Metis Nation disappointed in National Inquiry Into Missing and Murdered Indigenous Women and Girls Final Report

(Photo: metisnation.ca)

There is virtually nothing in the report that addresses the Metis Nation and its citizens says Metis National Council President Clement Chartier

News Release

Métis National Council

Having secured a copy of "Reclaiming Power and Place: Executive Summary of the Final Report" from APTN today, the Final Report to be released today does not appear to promise much for the Métis Nation.

While we are hopeful that the Report will serve the needs of the First Nations and Inuit, the Final Report falls far short in terms of addressing the interests of the Métis Nation or its people. While the Report addresses the need to pursue the solutions to the tragic violations against Indigenous women and girls on a distinctions-based approach, it lumps the Métis Nation in a catch-all basket of "Métis and Non-Status Indians".
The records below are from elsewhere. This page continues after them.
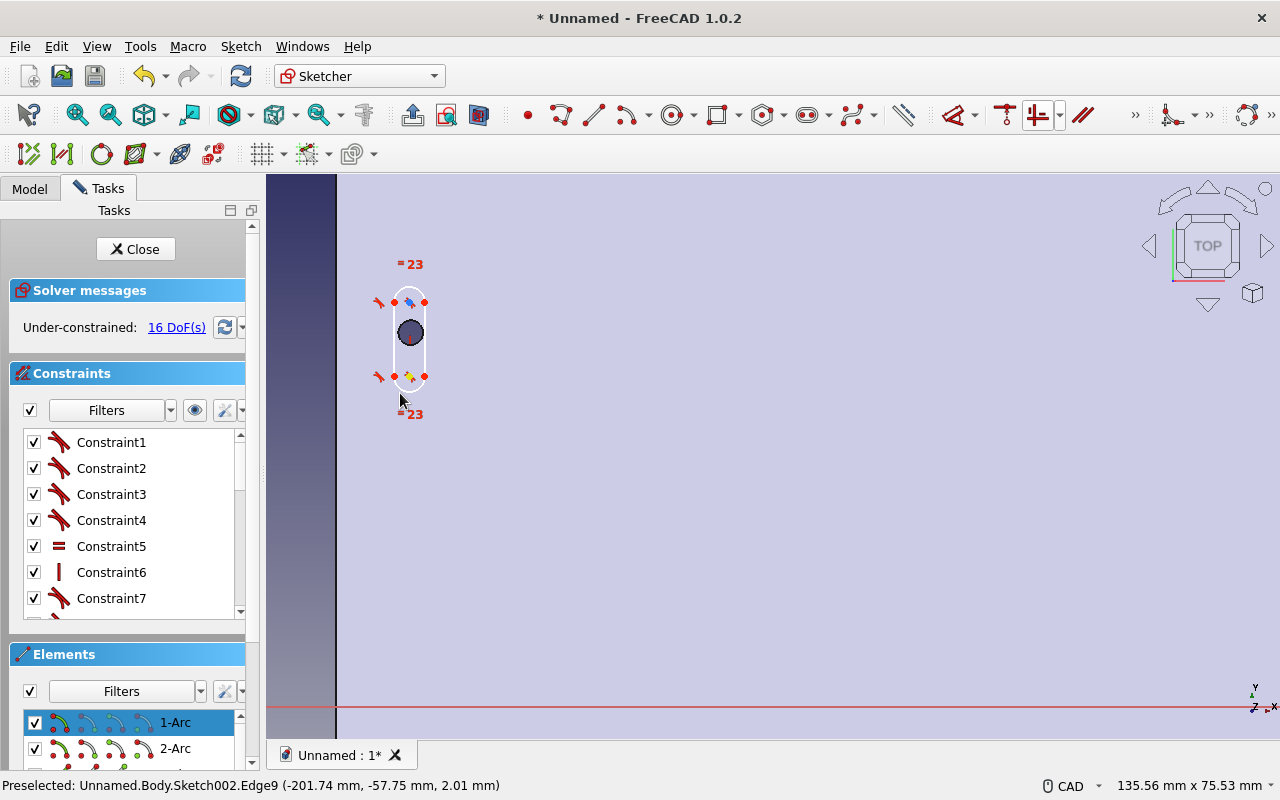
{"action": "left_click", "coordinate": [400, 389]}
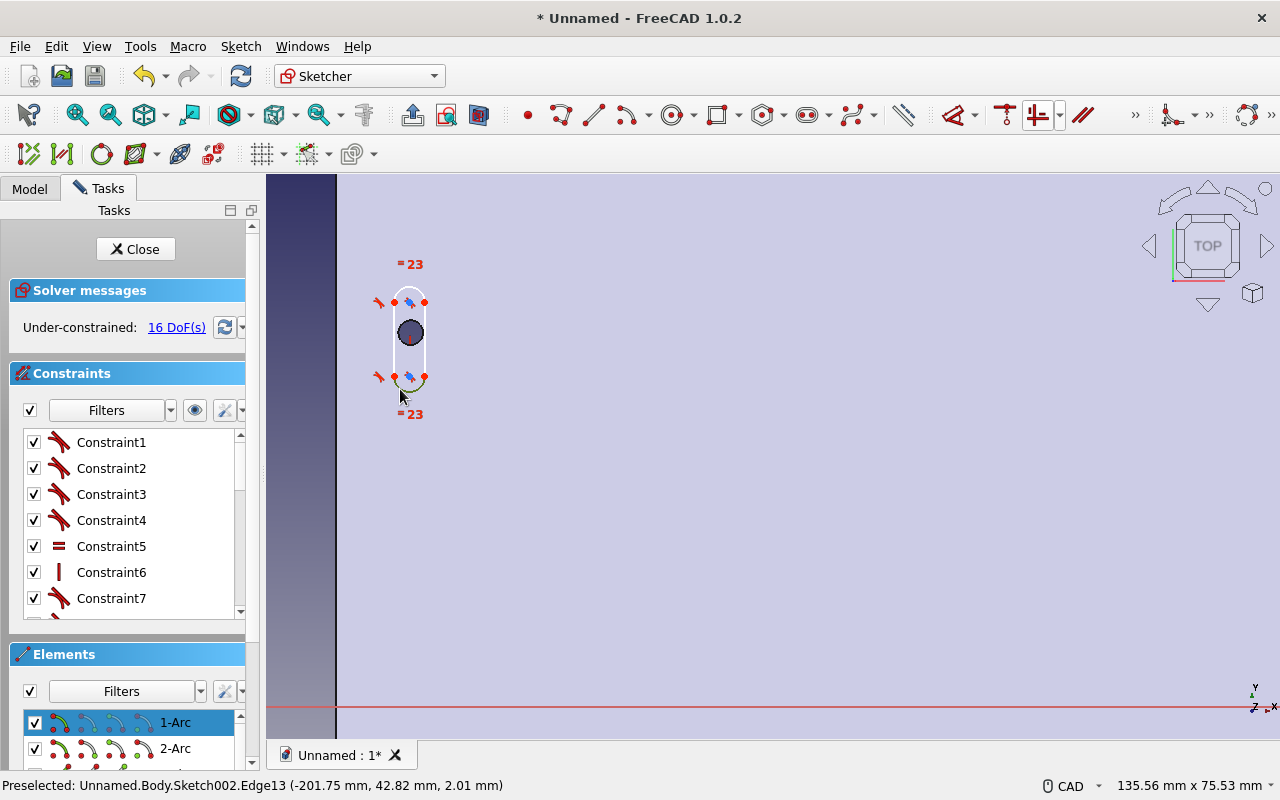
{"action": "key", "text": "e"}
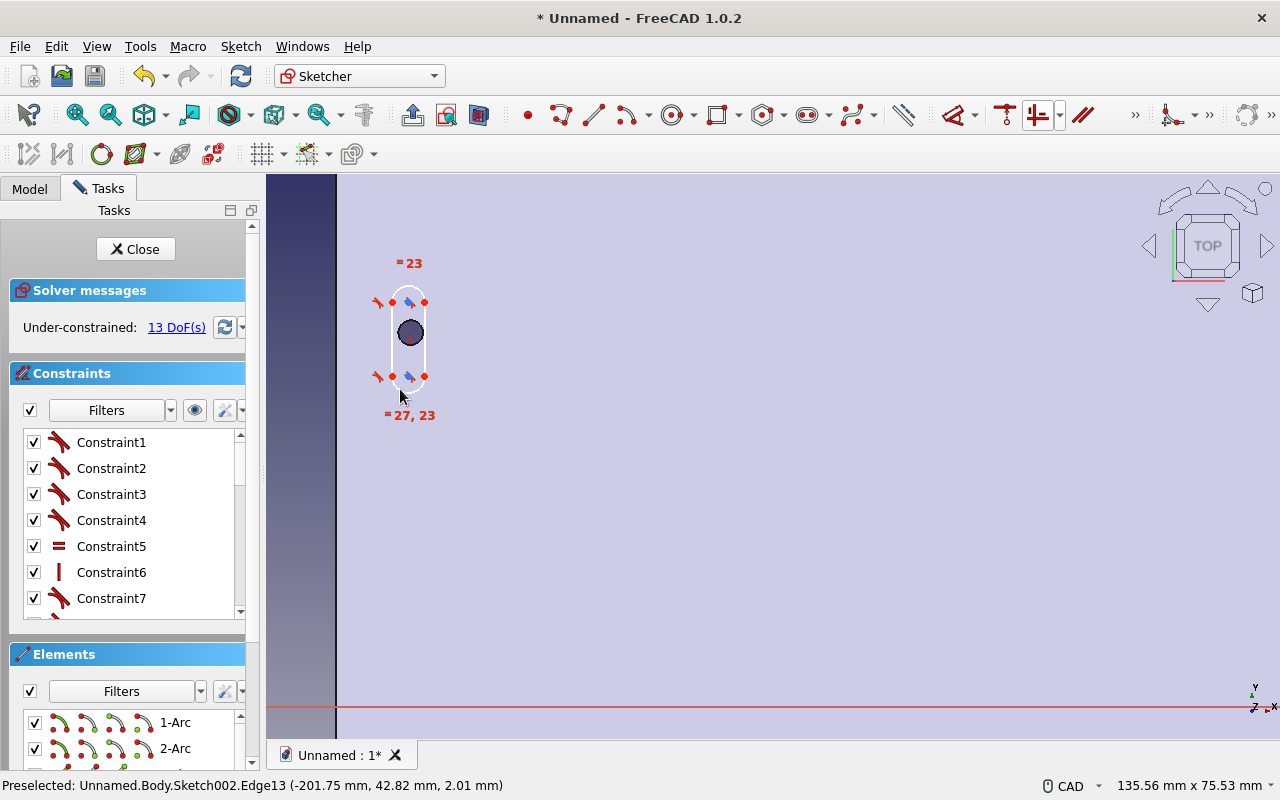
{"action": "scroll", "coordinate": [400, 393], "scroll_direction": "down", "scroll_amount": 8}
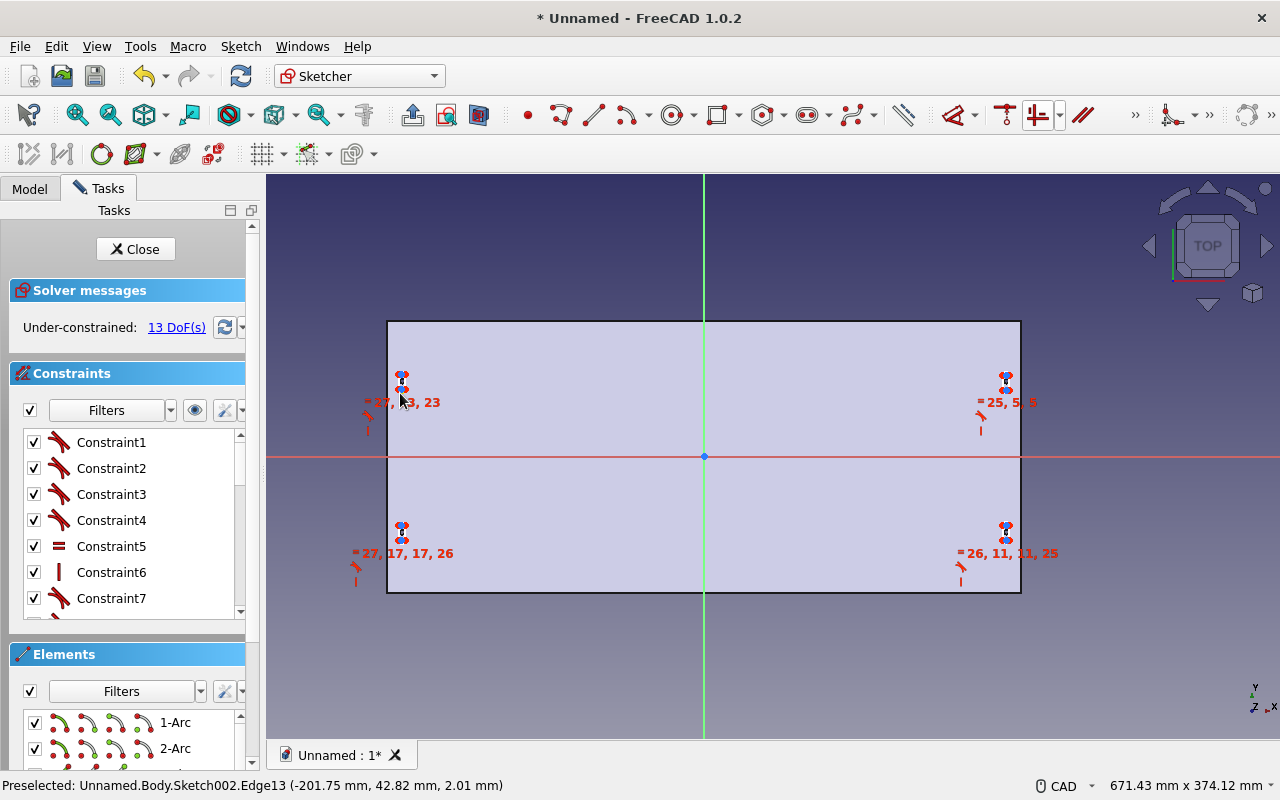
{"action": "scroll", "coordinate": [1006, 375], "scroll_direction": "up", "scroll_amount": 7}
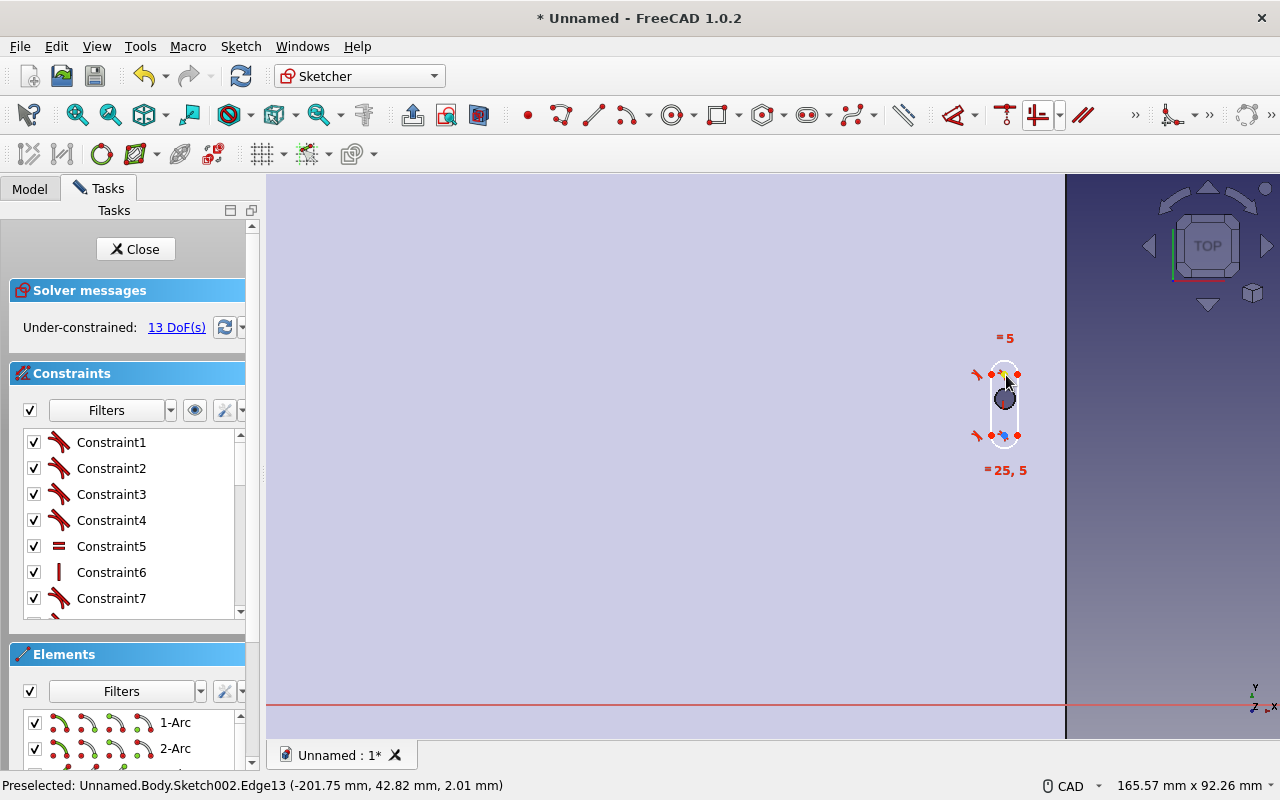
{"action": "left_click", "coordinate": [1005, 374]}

There is not a single reference to the Métis Nation. There is no reference to its existence as a distinct Indigenous people and Nation and does not address us any differently than First Nations or the Inuit. There is no reference to our distinct language, Michif. No reference to our right of self-determination as a people. No reference to the fact that we have established our own governments. No reference to the fact that we are registering our citizens based on criteria that we as the Metis Nation established. There is no reference to our historic homeland in western Canada. It acknowledges that the Metis have been non-recognized, then in substance repeats the same denials of recognition of our people in the content of its report and in its recommendations 

Rather the Report says anyone can self-identify as Métis, that there is no defined Métis geographic homeland and implies that we have no governments, nor any established rights. In the Métis-Specific Calls for Justice, we are dealt with solely in terms of individuals whose issues can be dealt with through programs and services: basically through socio-economic and socio-cultural initiatives, an approach attempted by the federal government in the 1970's and 80's. Rejected then, rejected now!

"It is no wonder that I was not invited to the release of the Final Report" stated President Clément Chartier, "there is virtually nothing in the report that addresses the Métis Nation and its citizens".